⚠️ Hardware First

Check Your Robot Before You Code

Half of all "my code is broken" problems are actually hardware problems. This guide teaches you to verify the robot before opening VS Code — saving hours of debugging code that was never the issue.

1
Why First
2
Physical
3
Ports
4
Spin Test
5
Pre-Flight
// Section 01
Hardware First, Code Second
The most common beginner mistake in VRC programming is not a coding mistake at all — it is trying to debug code when the problem is the robot.
⚠️
The rule: never open VS Code until you have verified the robot hardware is correct. A motor on the wrong port looks exactly like a code error. A reversed motor looks exactly like a wrong sign in your chassis config. A dead battery looks exactly like a PID tuning problem.

Real Examples of Hardware Problems Disguised as Code Problems

Looks like
Wrong chassis port number in code
Robot turns when it should go straight. Student changes port numbers for 30 minutes.
Actually
Motor physically plugged into wrong smart port on the Brain.
Looks like
Negative port sign wrong in chassis config
One side of the drive spins backward. Student inverts signs in code.
Actually
Motor cartridge inserted backward, or motor mounted inverted on the robot.
Looks like
PID constants are way off
Robot stops short every time, inconsistently. Student retunes kP for an hour.
Actually
Battery at 40% — low voltage causes inconsistent motor speed that looks like a tuning problem.
Looks like
IMU heading drift in code
Robot turns to the wrong angle every time. Student digs into EZ Template config.
Actually
IMU mounted at a tilt — even 5 degrees off from flat causes heading errors.
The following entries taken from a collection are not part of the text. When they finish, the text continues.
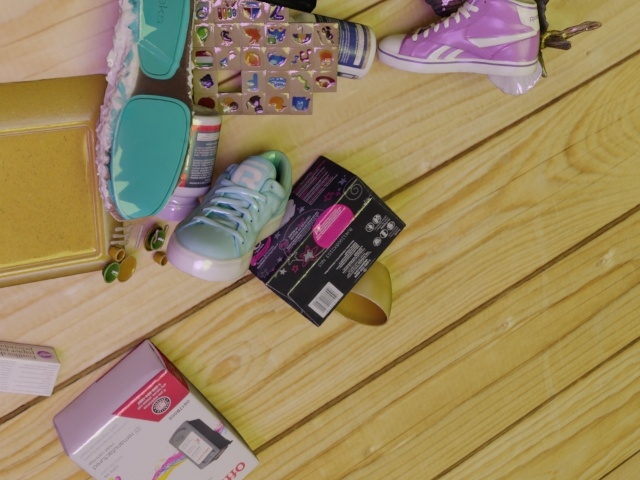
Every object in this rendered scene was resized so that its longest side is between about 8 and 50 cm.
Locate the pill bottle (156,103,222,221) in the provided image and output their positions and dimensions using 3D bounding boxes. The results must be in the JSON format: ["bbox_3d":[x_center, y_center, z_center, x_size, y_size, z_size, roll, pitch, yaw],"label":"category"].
[{"bbox_3d":[-0.226,-0.127,1.502,0.108,0.108,0.180,1,110,-30],"label":"pill bottle"}]

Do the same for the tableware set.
[{"bbox_3d":[-0.301,0.025,1.531,0.154,0.024,0.104,-3,116,-65],"label":"tableware set"}]

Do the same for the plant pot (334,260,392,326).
[{"bbox_3d":[0.085,0.091,1.772,0.134,0.134,0.095,47,57,-35],"label":"plant pot"}]

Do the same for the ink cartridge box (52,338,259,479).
[{"bbox_3d":[-0.290,0.364,1.663,0.226,0.131,0.306,-43,123,-8],"label":"ink cartridge box"}]

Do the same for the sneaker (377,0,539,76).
[{"bbox_3d":[0.235,-0.375,1.590,0.282,0.102,0.161,3,122,14],"label":"sneaker"}]

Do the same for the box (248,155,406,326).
[{"bbox_3d":[0.000,0.000,1.666,0.247,0.142,0.163,-49,127,-2],"label":"box"}]

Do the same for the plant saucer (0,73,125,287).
[{"bbox_3d":[-0.461,-0.070,1.413,0.333,0.081,0.333,-10,115,-25],"label":"plant saucer"}]

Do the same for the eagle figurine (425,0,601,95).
[{"bbox_3d":[0.329,-0.435,1.647,0.226,0.225,0.298,-42,136,5],"label":"eagle figurine"}]

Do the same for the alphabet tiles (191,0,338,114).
[{"bbox_3d":[-0.090,-0.296,1.496,0.237,0.009,0.198,-1,121,-3],"label":"alphabet tiles"}]

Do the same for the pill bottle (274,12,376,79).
[{"bbox_3d":[-0.001,-0.330,1.548,0.169,0.094,0.094,7,107,-24],"label":"pill bottle"}]

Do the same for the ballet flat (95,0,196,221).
[{"bbox_3d":[-0.264,-0.231,1.393,0.147,0.147,0.409,8,92,-32],"label":"ballet flat"}]

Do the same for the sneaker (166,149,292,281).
[{"bbox_3d":[-0.138,-0.060,1.465,0.135,0.366,0.150,18,114,5],"label":"sneaker"}]

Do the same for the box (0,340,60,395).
[{"bbox_3d":[-0.582,0.192,1.464,0.324,0.063,0.067,11,106,-33],"label":"box"}]

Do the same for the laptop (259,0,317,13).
[{"bbox_3d":[-0.122,-0.482,1.356,0.234,0.264,0.136,6,131,-32],"label":"laptop"}]
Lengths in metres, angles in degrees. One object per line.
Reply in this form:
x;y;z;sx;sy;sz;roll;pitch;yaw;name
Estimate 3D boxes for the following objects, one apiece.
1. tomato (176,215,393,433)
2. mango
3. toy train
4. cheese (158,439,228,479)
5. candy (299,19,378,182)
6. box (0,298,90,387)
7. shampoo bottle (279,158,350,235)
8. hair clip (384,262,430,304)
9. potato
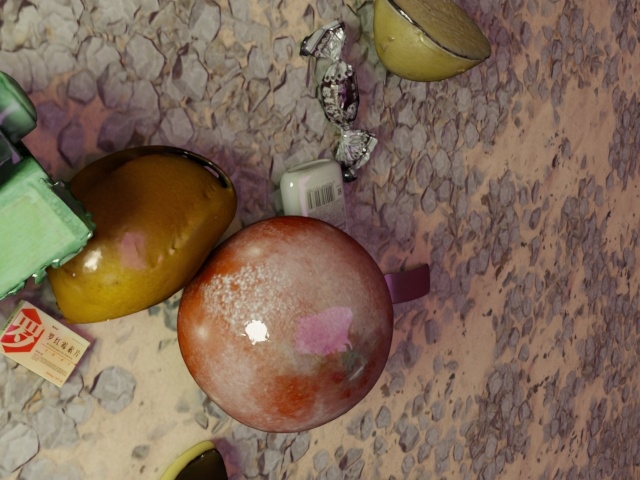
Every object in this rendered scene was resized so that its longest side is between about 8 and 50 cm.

Your First Diagnostic Tool: the Brain Screen

Before writing a single line of code, power on the V5 Brain and navigate to the Device Info screen. This screen shows every motor and sensor the Brain can detect — and their status. If a device is missing from this screen, it is a hardware problem. Fix it before touching VS Code.

V5 BRAIN — DEVICE INFO
P1V5 Motor✓ Connected
P2V5 Motor✓ Connected
P7V5 Inertial✓ Connected
P4V5 Motor✗ Not found
Port 4 not detected — check cable seating before coding
💡
How to get to Device Info: from the Brain home screen, press the V5 logo or navigate to Settings → Device Info. Every connected smart device appears here with its port number and type. Anything missing is a hardware issue — cable not fully seated, damaged port, or wrong port number.
// Section 02
Physical Inspection
Walk through the robot with your hands, not your eyes. Things that look fine from a distance often have a loose screw, a pinched wire, or a disconnected cable that will cause a failure mid-run.

Click each item to expand the inspection detail. Work through these in order — structure first, then power, then sensors.

⚙️
Drive motors secured — no loose motor screws
Check

Grip each drive motor and try to wiggle it. It should not move relative to the chassis. Check the two mounting screws on each motor — they work loose over time from vibration.

  • Use a flat-head screwdriver to tighten any loose motor mounting screws
  • Check the motor shaft collar — if the shaft slides in and out, the collar set screw is loose
  • On a 4-motor or 6-motor drive, check every motor — not just the ones you can see easily
Why it mattersA loose drive motor shifts position during a match, changing the effective wheel track width. This causes odometry drift that looks like a calibration problem but is actually a mechanical one.
🔌
All smart cables fully seated at both ends
Check

Each smart cable has a small locking tab. Press it in and pull to confirm it is actually latched — do not just tug. Follow every cable from the motor to the Brain port.

  • A cable that looks seated but is not latched will disconnect under vibration
  • Check for cables routed over sharp edges or moving parts — they will eventually abrade and fail
  • Zip-tie or velcro cables away from wheels, axles, and any rotating mechanism
  • After seating each cable, verify the device still appears on the Brain's Device Info screen
Why it mattersA partially connected smart cable can cause intermittent connection loss during a match. The motor goes dead mid-autonomous and the robot thinks it completed the motion — causing every subsequent movement to be in the wrong position.
🔋
No pinched or kinked wires near moving parts
Check

Manually move every mechanism through its full range of motion — arm up and down, claw open and closed, drive wheels forward and back. Watch cables as mechanisms move.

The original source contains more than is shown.